- **The task**:
Print every line from the start of the data, and when you reach the line with "text Burgemeester en", include it and stop. Pictures are not part of the copy.
***** Supplied records
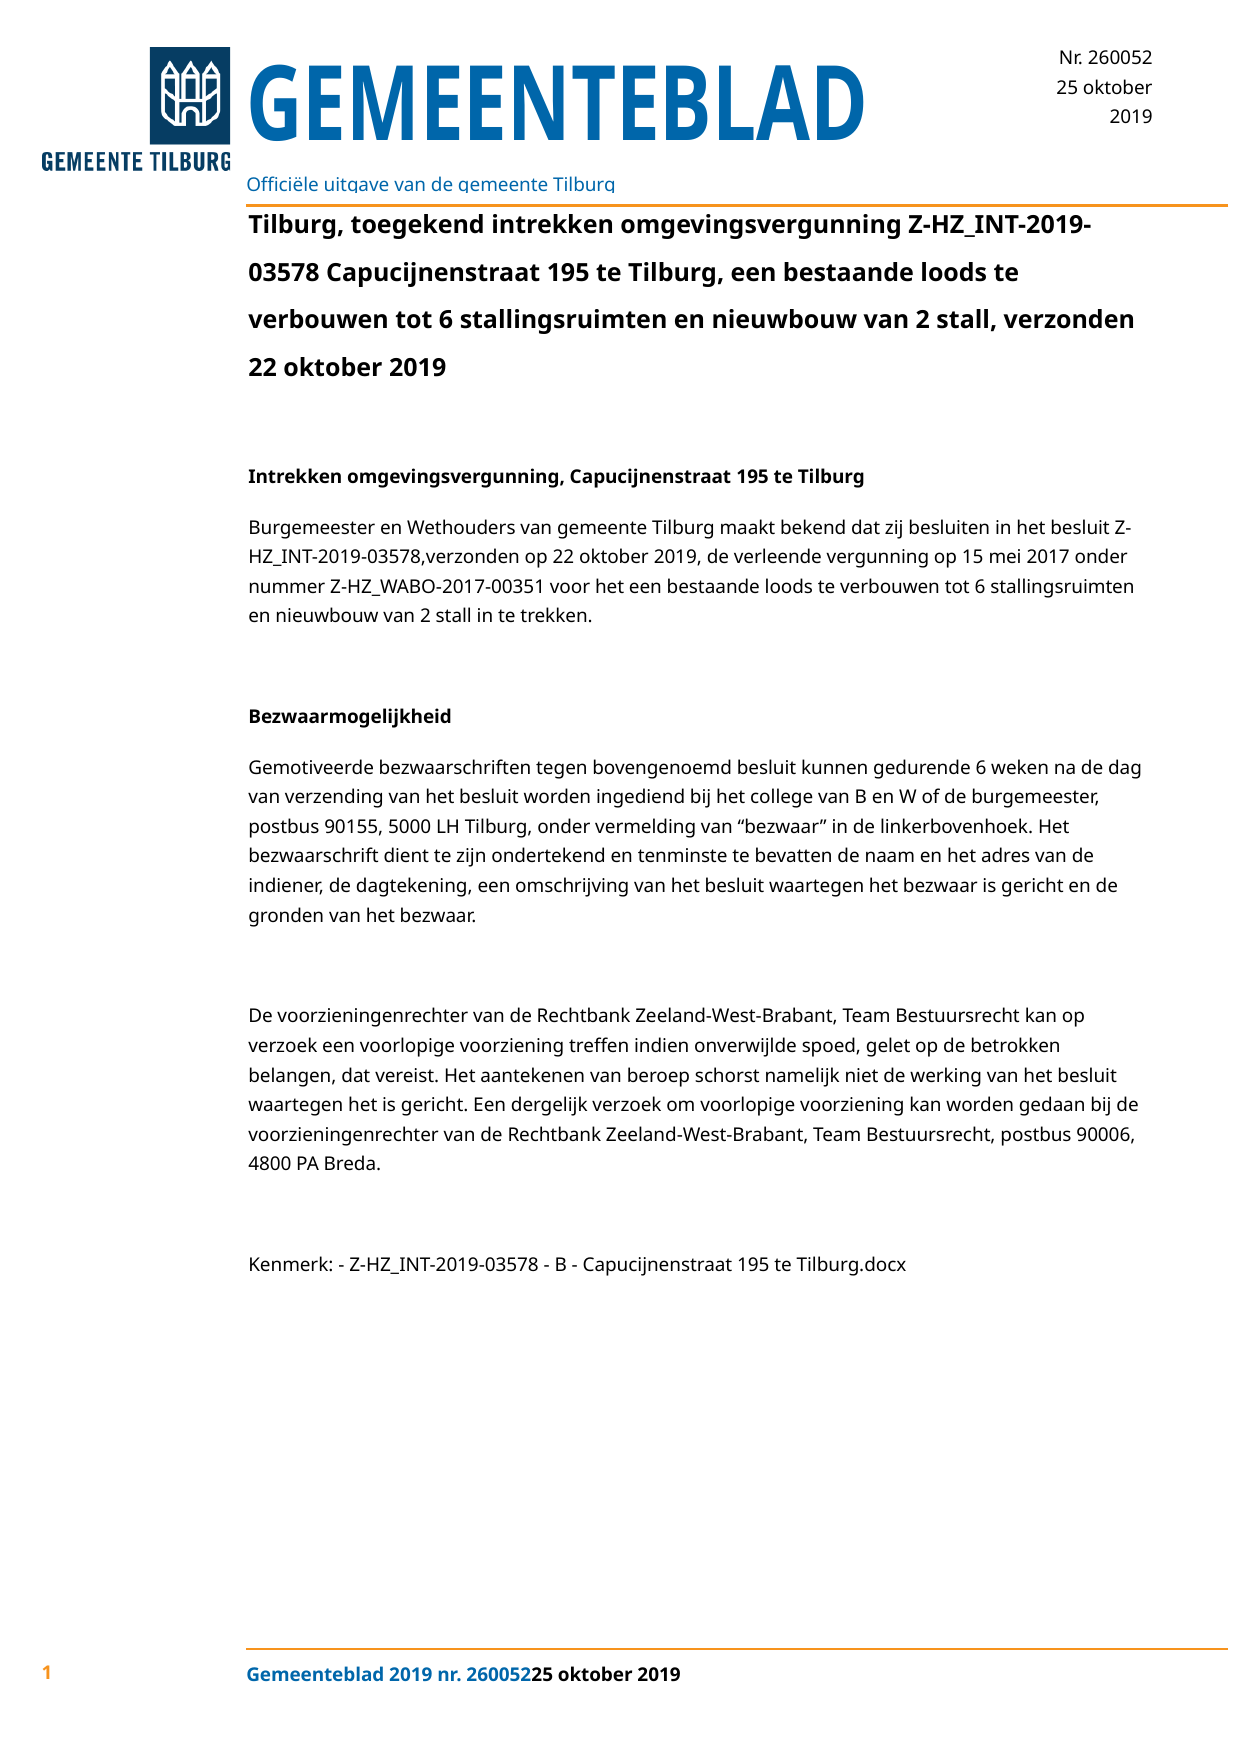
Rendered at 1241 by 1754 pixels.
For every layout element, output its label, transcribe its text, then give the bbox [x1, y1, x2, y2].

text Bezwaarmogelijkheid [248, 703, 1152, 729]
text Burgemeester en Wethouders van gemeente Tilburg maakt bekend dat zij besluiten in het besluit Z-HZ_INT-2019-03578,verzonden op 22 oktober 2019, de verleende vergunning op 15 mei 2017 onder nummer Z-HZ_WABO-2017-00351 voor het een bestaande loods te verbouwen tot 6 stallingsruimten en nieuwbouw van 2 stall in te trekken. [248, 514, 1152, 628]
text Tilburg, toegekend intrekken omgevingsvergunning Z-HZ_INT-2019-03578 Capucijnenstraat 195 te Tilburg, een bestaande loods te verbouwen tot 6 stallingsruimten en nieuwbouw van 2 stall, verzonden 22 oktober 2019 [248, 207, 1152, 384]
text Intrekken omgevingsvergunning, Capucijnenstraat 195 te Tilburg [248, 463, 1152, 489]
text Gemotiveerde bezwaarschriften tegen bovengenoemd besluit kunnen gedurende 6 weken na de dag van verzending van het besluit worden ingediend bij het college van B en W of de burgemeester, postbus 90155, 5000 LH Tilburg, onder vermelding van “bezwaar” in de linkerbovenhoek. Het bezwaarschrift dient te zijn ondertekend en tenminste te bevatten de naam en het adres van de indiener, de dagtekening, een omschrijving van het besluit waartegen het bezwaar is gericht en de gronden van het bezwaar. [248, 754, 1152, 928]
picture [41, 47, 231, 172]
text De voorzieningenrechter van de Rechtbank Zeeland-West-Brabant, Team Bestuursrecht kan op verzoek een voorlopige voorziening treffen indien onverwijlde spoed, gelet op de betrokken belangen, dat vereist. Het aantekenen van beroep schorst namelijk niet de werking van het besluit waartegen het is gericht. Een dergelijk verzoek om voorlopige voorziening kan worden gedaan bij de voorzieningenrechter van de Rechtbank Zeeland-West-Brabant, Team Bestuursrecht, postbus 90006, 4800 PA Breda. [248, 1003, 1152, 1176]
text Kenmerk: - Z-HZ_INT-2019-03578 - B - Capucijnenstraat 195 te Tilburg.docx [248, 1251, 1152, 1277]
**********
- **Exercise answer**:
Rendered at 1241 by 1754 pixels.
For every layout element, output its label, transcribe its text, then give the bbox [x1, y1, x2, y2].

text Bezwaarmogelijkheid [248, 703, 1152, 729]
text Burgemeester en Wethouders van gemeente Tilburg maakt bekend dat zij besluiten in het besluit Z-HZ_INT-2019-03578,verzonden op 22 oktober 2019, de verleende vergunning op 15 mei 2017 onder nummer Z-HZ_WABO-2017-00351 voor het een bestaande loods te verbouwen tot 6 stallingsruimten en nieuwbouw van 2 stall in te trekken. [248, 514, 1152, 628]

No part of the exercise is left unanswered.